271 Phil. 362

SECOND DIVISION

[ G.R. No. 84719, January 25, 1991 ]

YONG CHAN KIM v. PEOPLE +

YONG CHAN KIM, PETITIONER, VS. PEOPLE OF THE PHILIPPINES, HON. EDGAR D. GUSTILO, PRESIDING JUDGE, RTC, 6TH JUDICIAL REGION, BRANCH 28 ILOILO CITY AND COURT OF APPEALS (13TH DIVISION), RESPONDENTS.

D E C I S I O N

PADILLA, J.:

This petition seeks the review on certiorari of the following:

1. The decision dated 3 September 1986 of the 15th Municipal Circuit Trial Court (Guimbal-Igbaras-Tigbauan­-Tubungan) in Guimbal, Iloilo, in Criminal Case No. 628,[1] and the affirming decision of the Regional Trial Court, Branch XXVIII, Iloilo City, in Criminal Case No. 20958, promulgated on 30 July 1987;[2]

2. The decision of the Court of Appeals, dated 29 April 1988,[3] dismissing petitioner's appeal/petition for review for having been filed out of time, and the reso­lution, dated 19 August 1988, denying petitioner's motion for reconsideration.[4]

The antecedent facts are as follows:

Petitioner Yong Chan Kim was employed as a Researcher at the Aquaculture Department of the Southeast Asian Fisheries Development Center (SEAFDEC) with head station at Tigbauan, Province of Iloilo.  As Head of the Economics Unit of the Research Division, he conducted prawn surveys which required him to travel to various selected provinces in the country where there are potentials for prawn culture.

On 15 June 1982, petitioner was issued Travel Order No. 2222 which covered his travels to different places in Luzon from 16 June to 21 July 1982, a period of thirty five (35) days.  Under this travel order, he received P6,438.00 as cash advance to defray his travel expenses.

Within the same period, petitioner was issued another travel order, T.O. 2268, requiring him to travel from the Head Station at Tigbauan, Iloilo to Roxas City from 30 June to 4 July 1982, a period of five (5) days.  For this travel order, petitioner received a cash advance of P495.00.
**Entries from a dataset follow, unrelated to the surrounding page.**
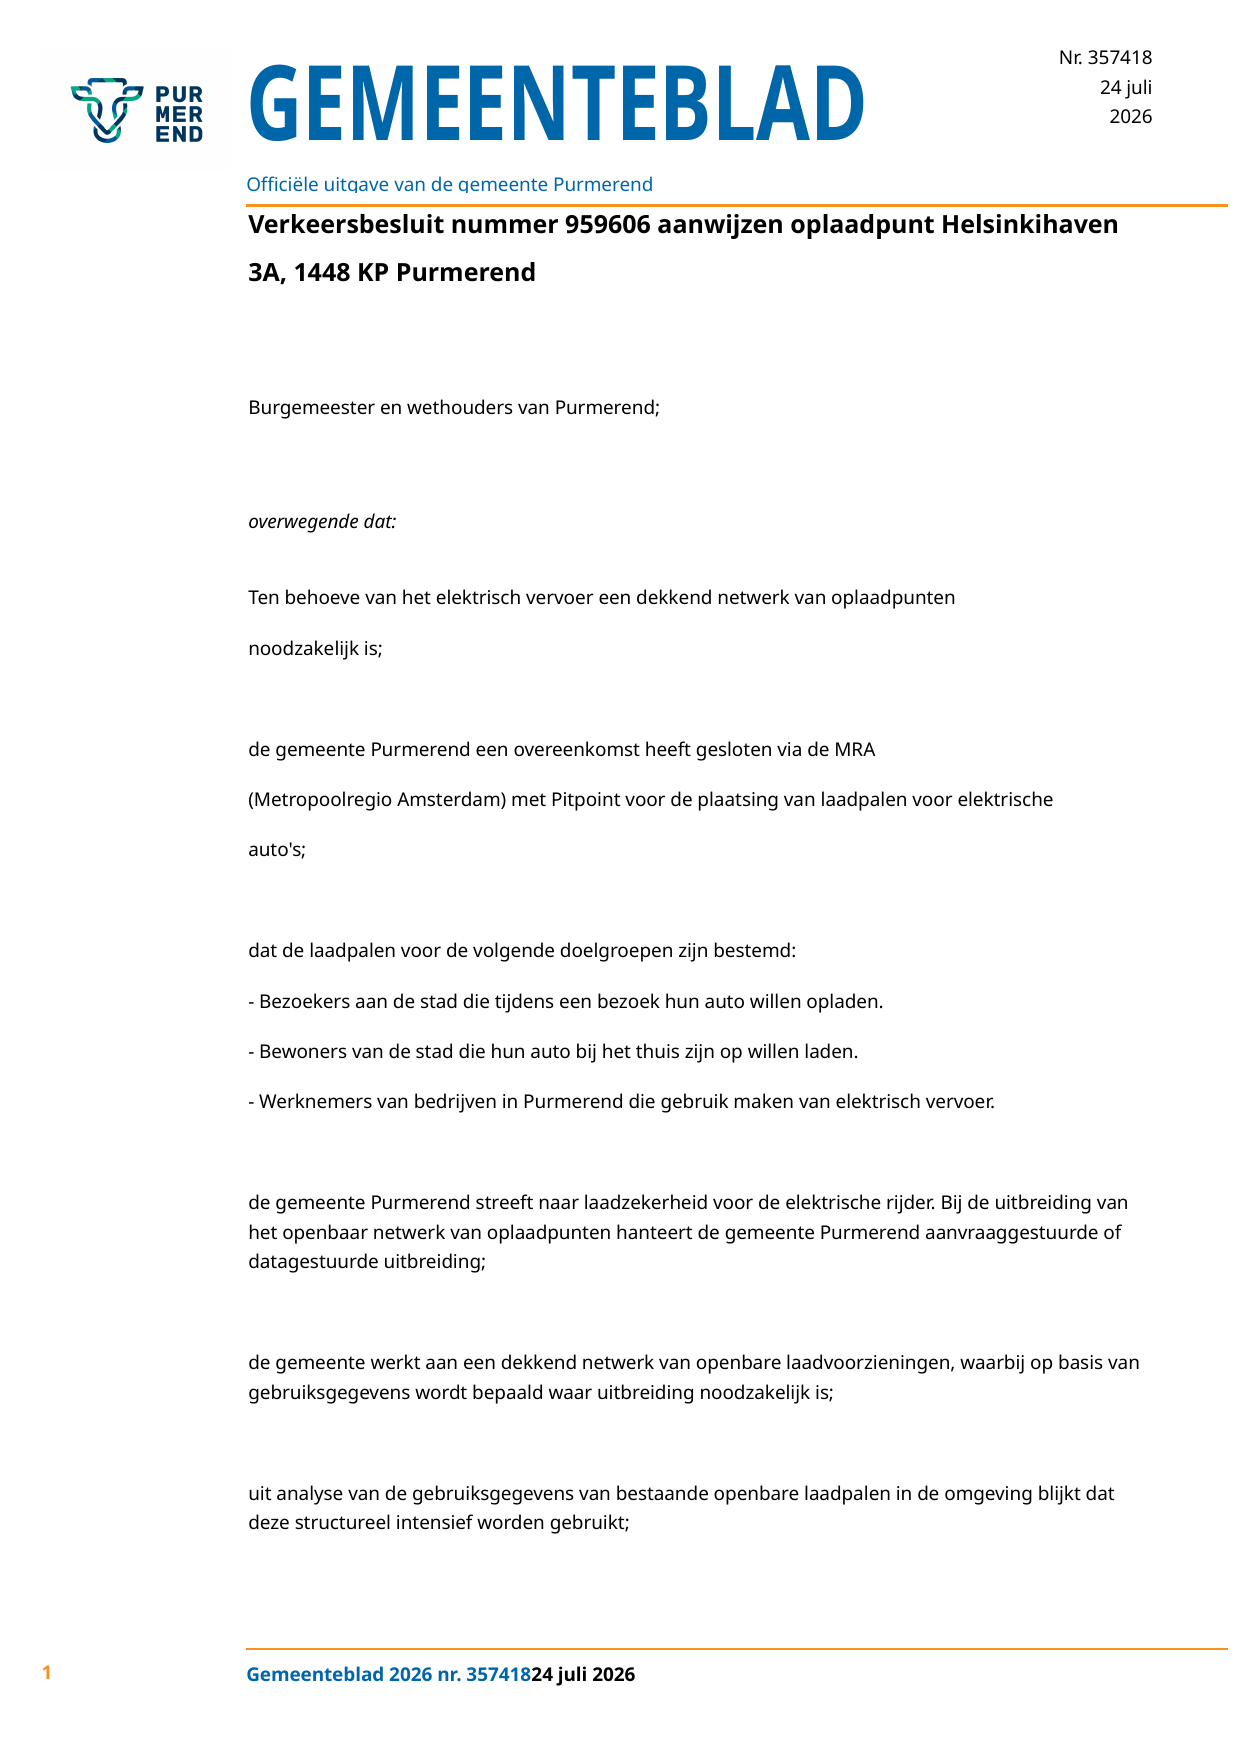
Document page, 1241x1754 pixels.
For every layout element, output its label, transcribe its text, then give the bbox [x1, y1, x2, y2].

text noodzakelijk is; [248, 635, 1152, 661]
text de gemeente Purmerend een overeenkomst heeft gesloten via de MRA [248, 736, 1152, 762]
text auto's; [248, 837, 1152, 862]
picture [41, 47, 231, 172]
text - Werknemers van bedrijven in Purmerend die gebruik maken van elektrisch vervoer. [248, 1089, 1152, 1114]
text de gemeente Purmerend streeft naar laadzekerheid voor de elektrische rijder. Bij de uitbreiding van het openbaar netwerk van oplaadpunten hanteert de gemeente Purmerend aanvraaggestuurde of datagestuurde uitbreiding; [248, 1189, 1152, 1274]
text Ten behoeve van het elektrisch vervoer een dekkend netwerk van oplaadpunten [248, 584, 1152, 610]
text (Metropoolregio Amsterdam) met Pitpoint voor de plaatsing van laadpalen voor elektrische [248, 786, 1152, 812]
text uit analyse van de gebruiksgegevens van bestaande openbare laadpalen in de omgeving blijkt dat deze structureel intensief worden gebruikt; [248, 1480, 1152, 1535]
text overwegende dat: [248, 508, 1152, 534]
text Burgemeester en wethouders van Purmerend; [248, 394, 1152, 420]
text - Bezoekers aan de stad die tijdens een bezoek hun auto willen opladen. [248, 988, 1152, 1014]
text - Bewoners van de stad die hun auto bij het thuis zijn op willen laden. [248, 1038, 1152, 1064]
text de gemeente werkt aan een dekkend netwerk van openbare laadvoorzieningen, waarbij op basis van gebruiksgegevens wordt bepaald waar uitbreiding noodzakelijk is; [248, 1349, 1152, 1405]
text Verkeersbesluit nummer 959606 aanwijzen oplaadpunt Helsinkihaven 3A, 1448 KP Purmerend [248, 207, 1152, 288]
text dat de laadpalen voor de volgende doelgroepen zijn bestemd: [248, 937, 1152, 963]

On 14 January 1983, petitioner presented both travel orders for liquidation, submitting Travel Expense Reports to the Accounting Section.  When the Travel Expense Reports were audited, it was discovered that there was an overlap of four (4) days (30 June to 3 July 1982) in the two (2) travel orders for which petitioner collected per diems twice.  In sum, the total amount in the form of per diems and allowances charged and collected by petitioner under Travel Order No. 2222, when he did not actually and physically travel as represented by his liquidation papers, was P1,230.00.
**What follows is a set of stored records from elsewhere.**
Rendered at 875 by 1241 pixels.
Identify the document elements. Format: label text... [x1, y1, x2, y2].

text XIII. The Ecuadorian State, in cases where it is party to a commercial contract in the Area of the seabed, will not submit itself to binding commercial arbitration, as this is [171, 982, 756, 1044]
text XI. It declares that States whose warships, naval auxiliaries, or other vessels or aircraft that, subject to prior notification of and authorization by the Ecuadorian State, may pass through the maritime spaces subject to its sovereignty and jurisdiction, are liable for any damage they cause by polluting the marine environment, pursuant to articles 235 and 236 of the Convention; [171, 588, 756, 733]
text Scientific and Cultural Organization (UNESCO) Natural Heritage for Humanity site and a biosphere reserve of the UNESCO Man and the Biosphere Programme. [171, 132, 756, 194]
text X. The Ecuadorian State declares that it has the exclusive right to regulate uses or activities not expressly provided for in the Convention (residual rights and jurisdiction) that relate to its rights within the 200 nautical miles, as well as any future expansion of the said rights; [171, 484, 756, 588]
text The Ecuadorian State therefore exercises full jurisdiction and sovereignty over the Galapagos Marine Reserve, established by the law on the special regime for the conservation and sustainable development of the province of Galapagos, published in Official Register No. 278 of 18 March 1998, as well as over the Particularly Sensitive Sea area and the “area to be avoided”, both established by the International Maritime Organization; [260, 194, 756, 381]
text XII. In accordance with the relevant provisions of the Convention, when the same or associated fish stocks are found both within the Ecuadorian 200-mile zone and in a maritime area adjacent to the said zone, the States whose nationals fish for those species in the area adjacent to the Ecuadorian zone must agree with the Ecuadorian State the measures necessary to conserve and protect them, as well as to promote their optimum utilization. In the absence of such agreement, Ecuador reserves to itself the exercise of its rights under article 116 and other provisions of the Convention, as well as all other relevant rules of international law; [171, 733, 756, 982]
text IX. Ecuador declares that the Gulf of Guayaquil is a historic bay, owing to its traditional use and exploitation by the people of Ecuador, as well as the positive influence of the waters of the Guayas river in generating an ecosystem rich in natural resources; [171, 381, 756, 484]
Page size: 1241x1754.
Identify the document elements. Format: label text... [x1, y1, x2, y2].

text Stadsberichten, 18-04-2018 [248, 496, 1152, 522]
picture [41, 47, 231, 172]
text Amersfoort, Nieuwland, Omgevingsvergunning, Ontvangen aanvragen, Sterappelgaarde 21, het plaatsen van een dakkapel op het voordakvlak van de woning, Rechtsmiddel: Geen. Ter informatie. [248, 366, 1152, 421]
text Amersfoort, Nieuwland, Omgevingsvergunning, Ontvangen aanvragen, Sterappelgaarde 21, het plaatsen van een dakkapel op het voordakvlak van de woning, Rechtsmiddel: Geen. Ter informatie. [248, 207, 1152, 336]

Petitioner was required to comment on the internal auditor's report regarding the alleged anomalous claim for per diems.  In his reply, petitioner denied the alleged anomaly, claiming that he made make-up trips to compensate for the trips he failed to undertake under T.O. 2222 because he was recalled to the head office and given another assignment.
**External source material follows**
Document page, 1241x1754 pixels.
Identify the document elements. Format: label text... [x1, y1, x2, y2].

In September 1983, two (2) complaints for Estafa were filed against the petitioner before the Municipal Circuit Trial Court at Guimbal, Iloilo, docketed as Criminal Case Nos. 628 and 631.

After trial in Criminal Case No. 628, the Municipal Circuit Trial Court rendered a decision, the dispositive part of which reads as follows:
"IN VIEW OF THE FOREGOING CONSIDERATIONS, the court finds the accused, Yong Chan Kim, guilty beyond reasonable doubt for the crime of Estafa penalized under paragraph 1(b) of Article 315, Revised Penal Code.  Records disclose there is no aggravating circumstance proven by the prosecution.  Neither there is any mitigating circumstance proven by the accused.  Considering the amount subject of the present complaint, the imposable penalty should be in the medium period of arresto mayor in its maximum period to prision correccional in its minimum period in accordance with Article 315, No. 3, Revised Penal Code.  Consonantly, the Court hereby sentences the accused to suffer an imprisonment ranging from four (4) months as the minimum to one (1) year and six (6) months as the maximum in accordance with the Indeterminate Sentence Law and to reimburse the amount of P1,230.00 to SEAFDEC.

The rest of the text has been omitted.